Ireland may not be able to collaborate with other EU member states to procure radar and sonar systems.

Ireland has already been increasing its participation in PESCO, the EU-supported initiative encouraging member states to unite to develop new military assets where feasible.

According to official statistics, in 2021, Ireland was merely an observer in one PESCO project and participated in another.

By mid-2023, Ireland had engaged in four projects and observed another 19, many of which involve developing undersea security resources.

Still, Ireland risks the perception of free-riding on European defense, often expressed through op-eds and think-tanks, even as the Government points to significant growth in defense spending.

“There has been some growth [in spending] in recent years,” remarked Fenella McGerty, a senior fellow for defense economics at the International Institute for Strategic Studies (IISS).

“However, it remains relatively low. Given the sentiments across the EU, I suspect there will be increased pressure.

“There’s generally pressure on NATO members [to boost spending], but now as the focus shifts to the EU, we might witness a closer examination of what Ireland can contribute regarding undersea security, and the cybersecurity issue with Ireland being a significant technology hub in Europe.”

Vulnerabilities

While recent Russian activities in Irish Atlantic waters and Ireland’s status as a tech hub have raised awareness of these new vulnerabilities, some experts warn of a deeper, more insidious Russian threat aimed at undermining European unity through extensive disinformation campaigns and bolstering far-right, pro-Russia factions.

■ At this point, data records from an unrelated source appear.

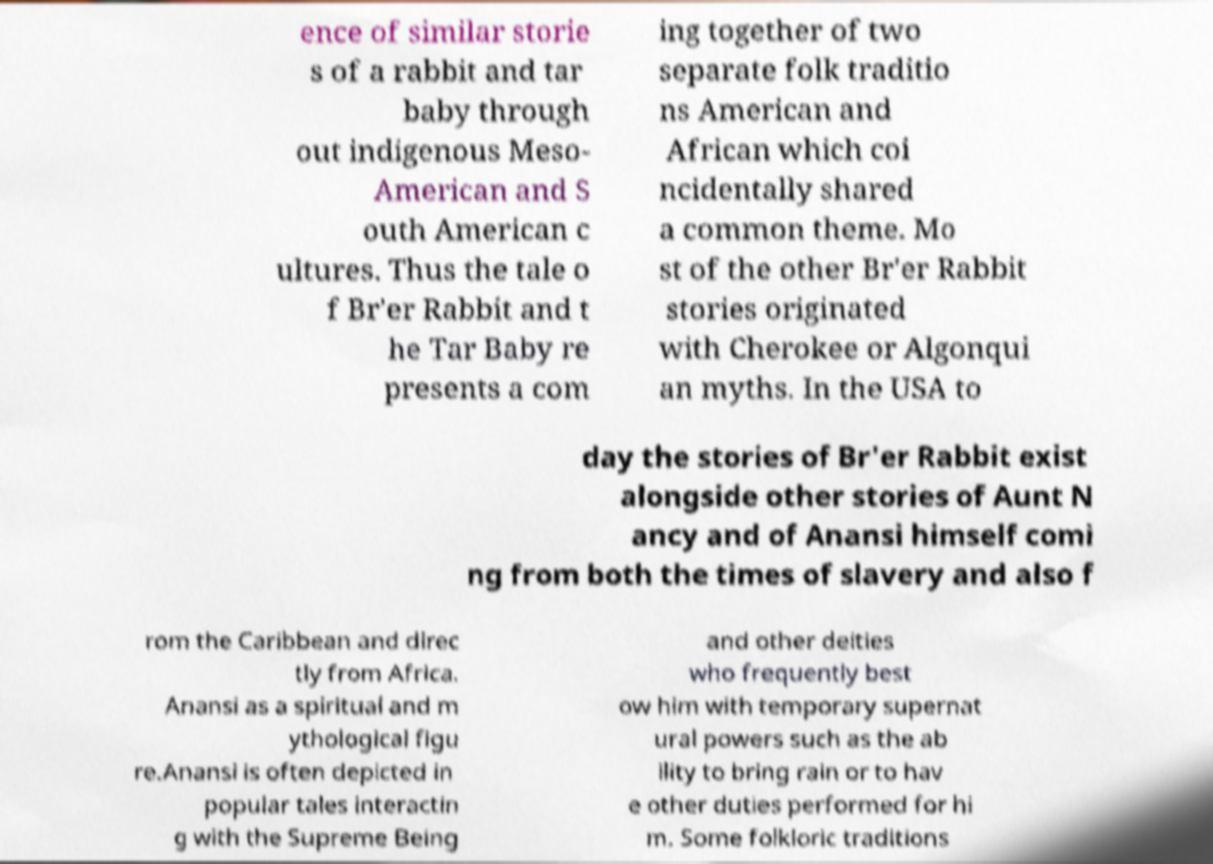Can you accurately transcribe the text from the provided image for me? ence of similar storie s of a rabbit and tar baby through out indigenous Meso- American and S outh American c ultures. Thus the tale o f Br'er Rabbit and t he Tar Baby re presents a com ing together of two separate folk traditio ns American and African which coi ncidentally shared a common theme. Mo st of the other Br'er Rabbit stories originated with Cherokee or Algonqui an myths. In the USA to day the stories of Br'er Rabbit exist alongside other stories of Aunt N ancy and of Anansi himself comi ng from both the times of slavery and also f rom the Caribbean and direc tly from Africa. Anansi as a spiritual and m ythological figu re.Anansi is often depicted in popular tales interactin g with the Supreme Being and other deities who frequently best ow him with temporary supernat ural powers such as the ab ility to bring rain or to hav e other duties performed for hi m. Some folkloric traditions 
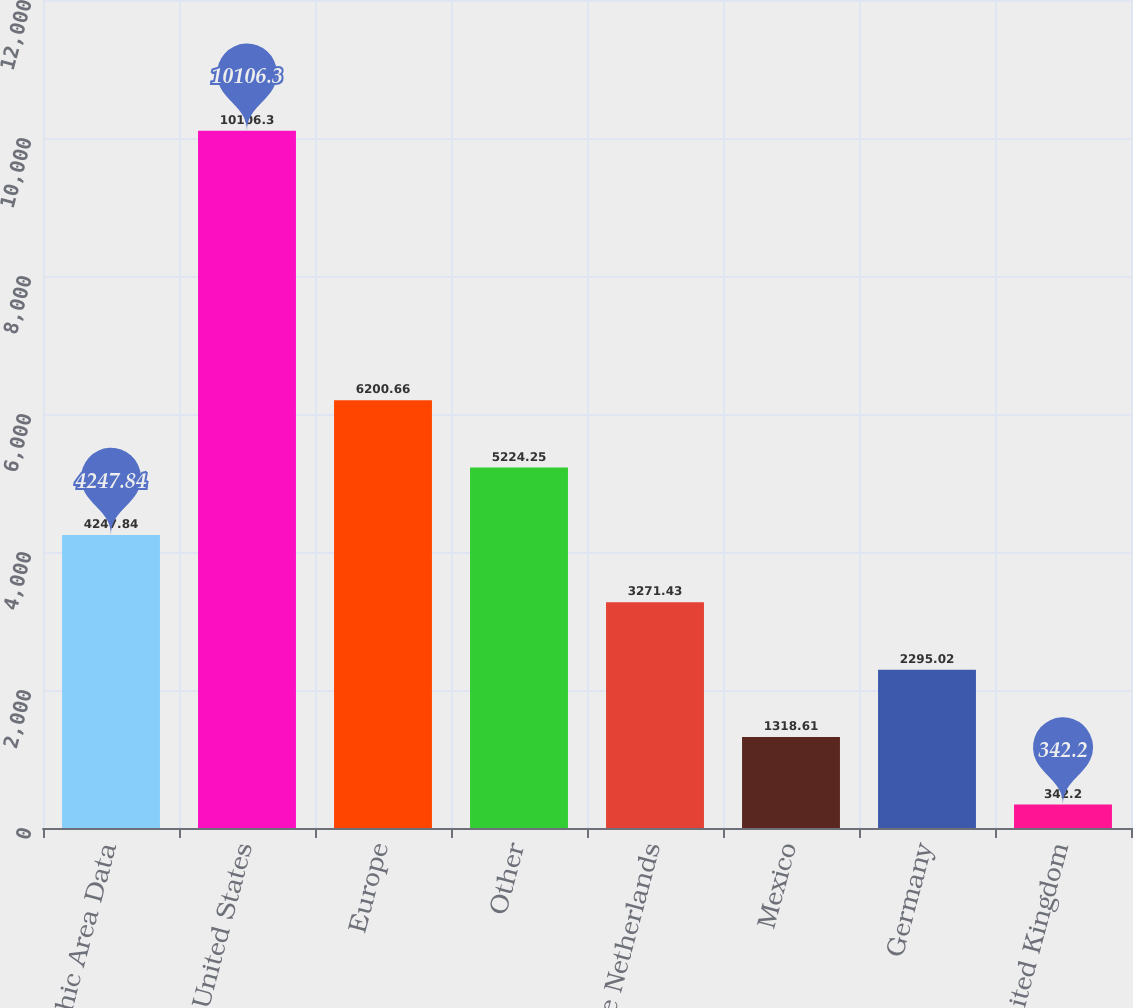Convert chart to OTSL. <chart><loc_0><loc_0><loc_500><loc_500><bar_chart><fcel>Geographic Area Data<fcel>United States<fcel>Europe<fcel>Other<fcel>The Netherlands<fcel>Mexico<fcel>Germany<fcel>United Kingdom<nl><fcel>4247.84<fcel>10106.3<fcel>6200.66<fcel>5224.25<fcel>3271.43<fcel>1318.61<fcel>2295.02<fcel>342.2<nl></chart> 
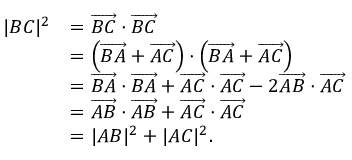Convert formula to latex. <formula><loc_0><loc_0><loc_500><loc_500>{ \begin{array} { r l } { | B C | ^ { 2 } } & { = { \overrightarrow { B C } } \cdot { \overrightarrow { B C } } } \\ & { = \left ( { \overrightarrow { B A } } + { \overrightarrow { A C } } \right ) \cdot \left ( { \overrightarrow { B A } } + { \overrightarrow { A C } } \right ) } \\ & { = { \overrightarrow { B A } } \cdot { \overrightarrow { B A } } + { \overrightarrow { A C } } \cdot { \overrightarrow { A C } } - 2 { \overrightarrow { A B } } \cdot { \overrightarrow { A C } } } \\ & { = { \overrightarrow { A B } } \cdot { \overrightarrow { A B } } + { \overrightarrow { A C } } \cdot { \overrightarrow { A C } } } \\ & { = | A B | ^ { 2 } + | A C | ^ { 2 } . } \end{array} }</formula> 
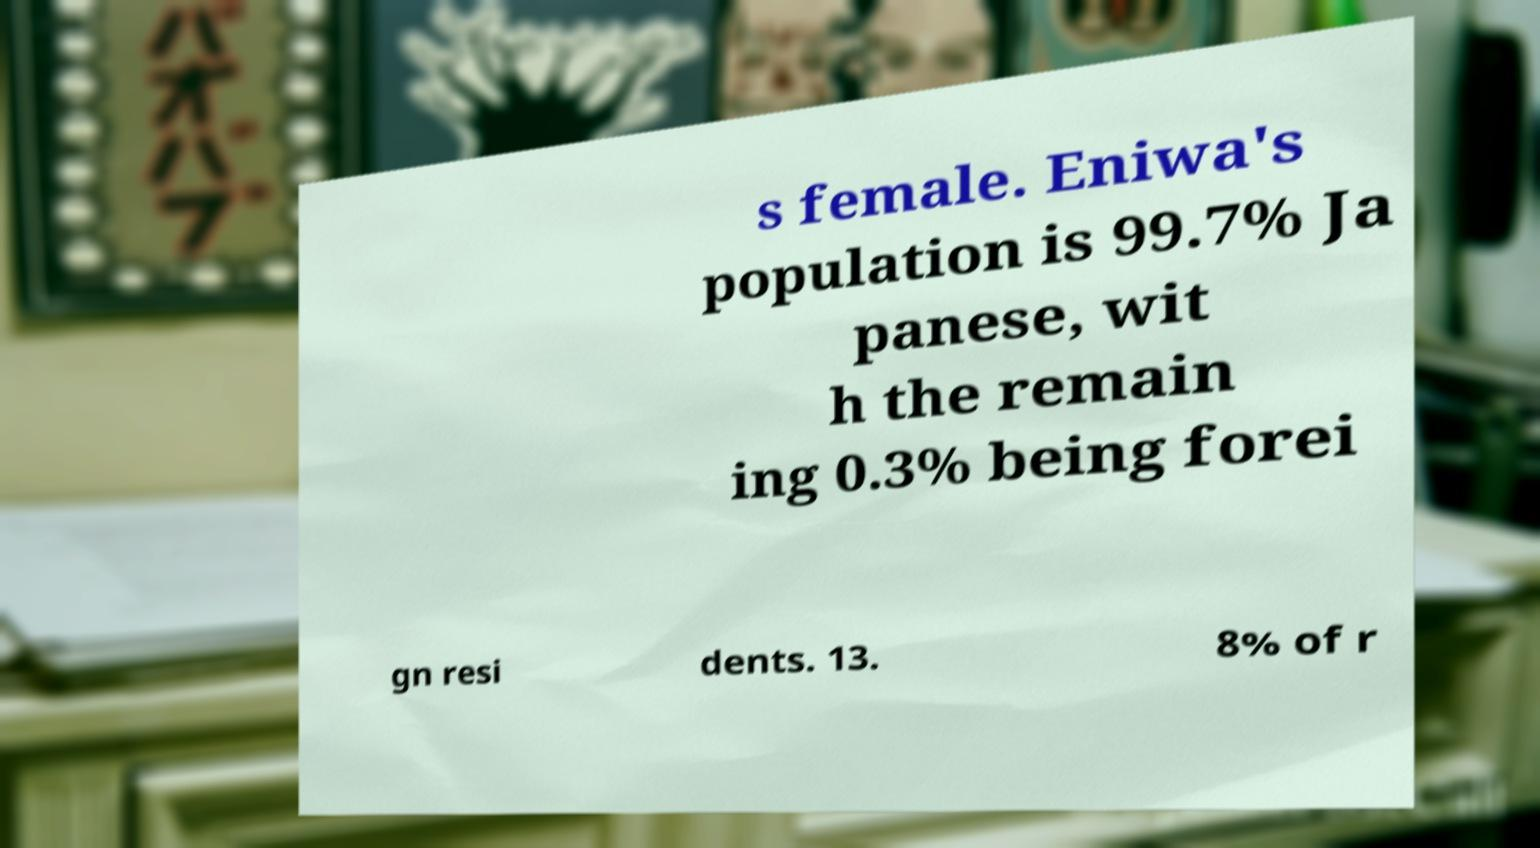There's text embedded in this image that I need extracted. Can you transcribe it verbatim? s female. Eniwa's population is 99.7% Ja panese, wit h the remain ing 0.3% being forei gn resi dents. 13. 8% of r

As Prime Minister Sánchez suggested when dismissing the notion of Russian troops invading the Pyrenees, perceptions of the threat vary based on geographic proximity to Russia.

Nonetheless, in light of President Trump’s potential disregard for Article 5, NATO’s mutual defense clause, even a minor attack by Russia on, for example, one of the Baltic States could pose a serious risk, according to Nicu Popescu, senior policy fellow with the ECFR.

He imagines a scenario wherein Russia remains entrenched in substantial parts of southern and eastern Ukraine by 2030, including access to resources such as personnel, grain reserves, nuclear plants, and military production capacities.

If Russia were to carry out a probing strike against a Baltic State, and Article 5 had lapsed, Europe would have to rely on its mutual support clause (Article 4.27).

About three-quarters of all subsea cables in the northern hemisphere pass through or near Irish waters.

“The hypothetical launch of any provocation by Russia against Europe demands a critical EU response,” he wrote in a recent paper.

“Any hint of hesitation or failure to react decisively with complete unity to protect every inch of EU territory would have catastrophic repercussions far beyond the immediate military circumstances.

“The political fallout could unravel the entire European project.”

He further added, “This scenario presents a threat to all EU members, but especially countries like Ireland, Portugal, or Spain.

“These nations may be geographically distanced from direct Russian military threats, yet could still find themselves vulnerable if the EU appears divided.

“The disintegration of the EU as a political entity would leave smaller and medium-sized nations on the continent at the mercy of global powers, fundamentally reshaping Europe’s geopolitical landscape.”

Is that far-fetched?

Four years ago, few anticipated that Russia would mobilize 150,000 troops on its border with Ukraine and then initiate an unprovoked and full-scale assault.

Nor did they foresee Donald Trump’s potential return to the White House, threatening Greenland.